Help my growing baby develop in the 40th week of pregnancy

It’s week 40 of pregnancy. Continue to give your growing baby the proper nutrition and stimulation.

What’s happening in the 40th week of pregnancy?

Your growing baby’s vision is still developing. 

Your growing baby may be familiar with your voice thanks to all the talking and singing you’ve been doing over your pregnancy period. The attachment between the mother and the child begins in utero (in the womb).i

Your growing baby may weigh between 7.6 pounds (3.5 kilograms) and measure 20.6 inches (51 centimeters).ii

What can I expect in the 40th week of pregnancy?

Some growing babies might still be in the womb in week 40iii.Support your pregnancy and growing baby’s health this week by resting and conserving energy for labor.

What can you do to support your pregnancy?

Continue to provide your growing baby with DHA through your diet, to support his or her brain and eye development, as well as other nutrients like iron, zinc, choline and folate to support physical growth.

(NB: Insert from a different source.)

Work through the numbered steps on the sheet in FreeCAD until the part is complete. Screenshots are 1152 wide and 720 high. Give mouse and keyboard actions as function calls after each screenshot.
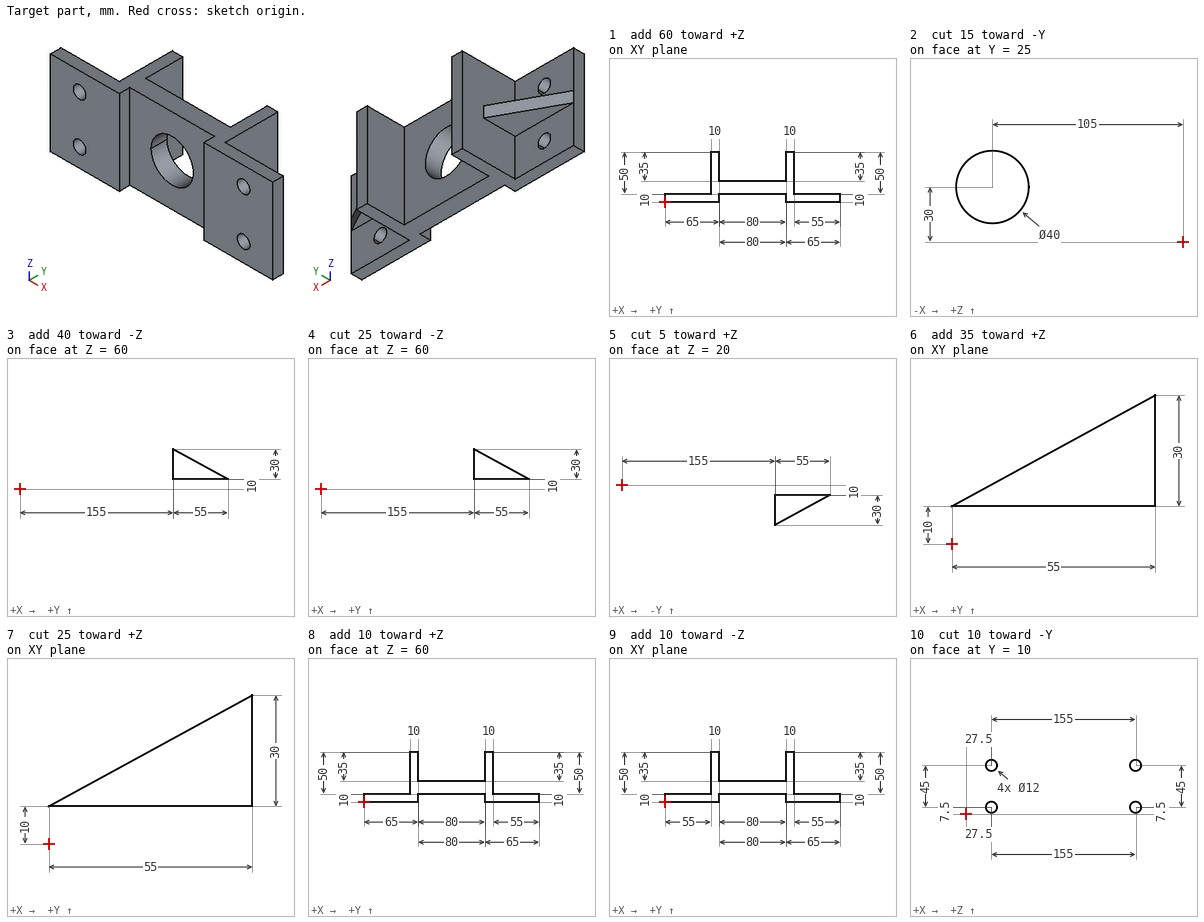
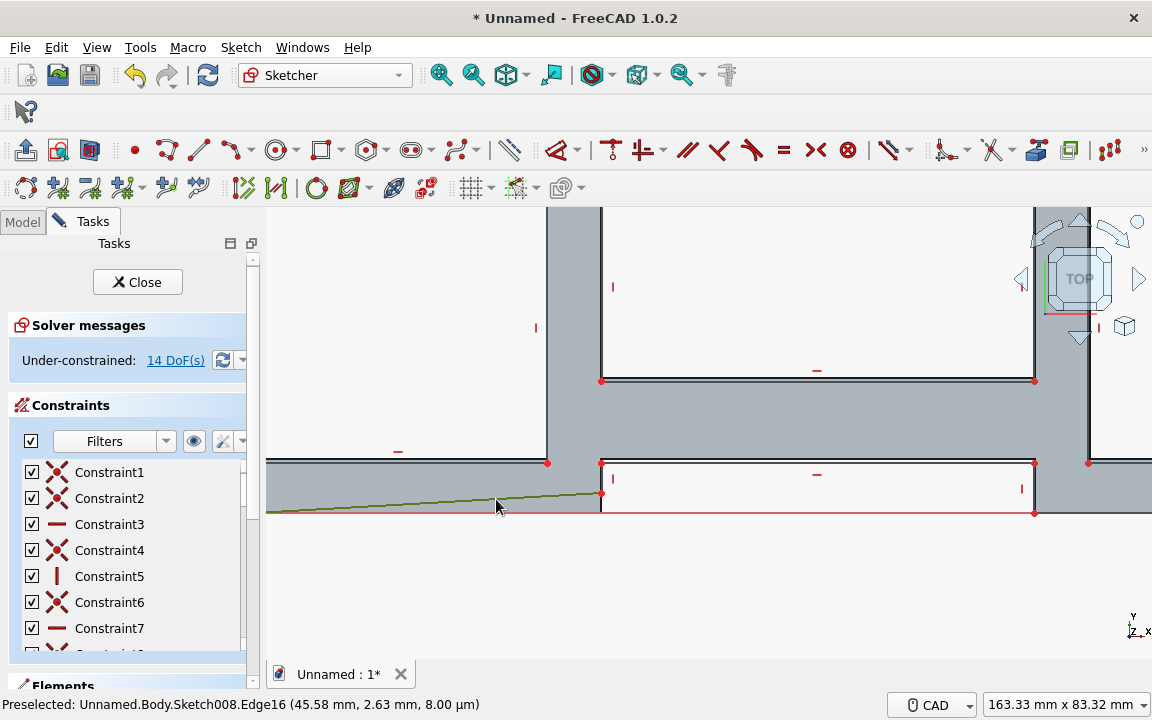
key(h)
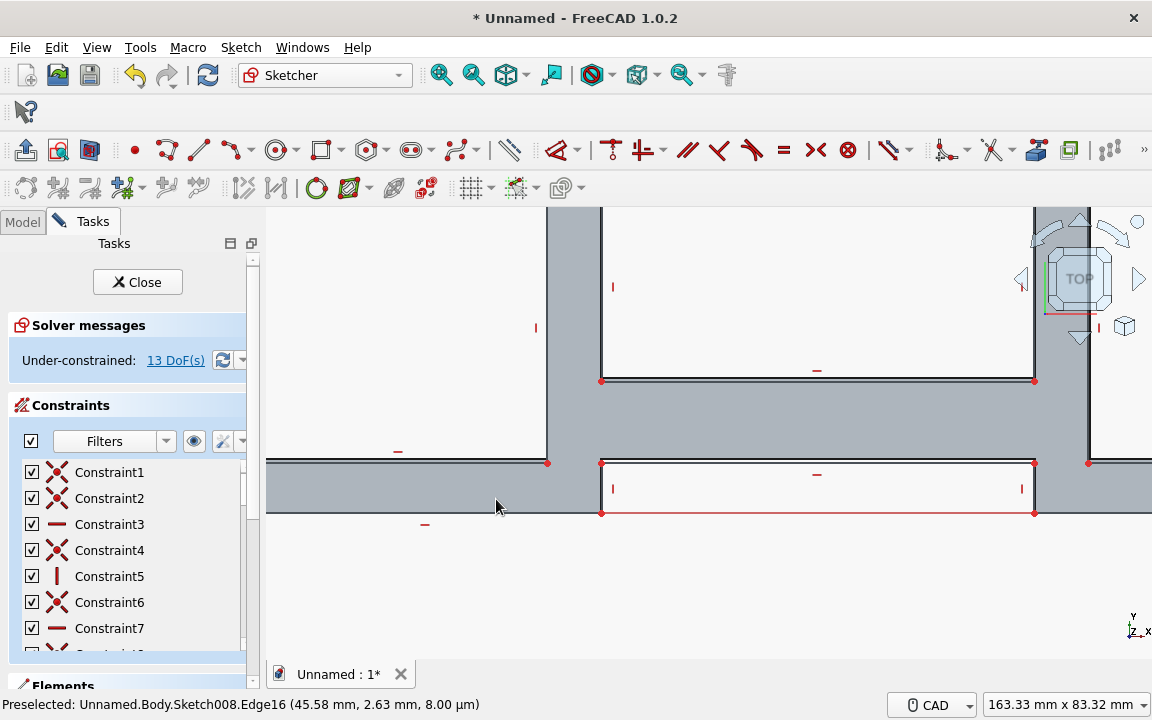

Check with your doctor that your growing baby is indeed in a head-down position by now. If he or she isn’t, and doesn’t turn over the next couple of weeks, discuss with your doctor the next steps. 

This is the final week of your pregnancy and you are about to embark on a beautiful and exciting new journey. All the many ways you have been bonding with your growing baby throughout your pregnancy have undoubtedly set a strong foundation for your growing baby’s holistic development through his or her life.iv




i.   Sullivan, Regina, Perry, Rosemarie, Sloan, Aliza, Kleinhaus, Karine & Burtchen, Nina (2011). Infant bonding and
     attachment to the caregiver: Insights from basic and clinical science. Clin Perinatol, 38(4): 643–655.
ii   Curtis, G. B., & Schuler, J. (2016). Your Pregnancy Week by Week (8th ed.). Philadelphia, PA: Da Capo Press.
iii  How accurate are 'due dates'? Retrieved 31 May 2017 from, & You and
     your baby at 33-36 weeks pregnant. Retrieved 31 May 2017 from,
iv  Van den Bergh, B. (1990). The influence of maternal emotions during pregnancy on fetal and neonatal behavior.
     Journal of Prenatal & Perinatal Psychology and Health, 5(2), 119-130.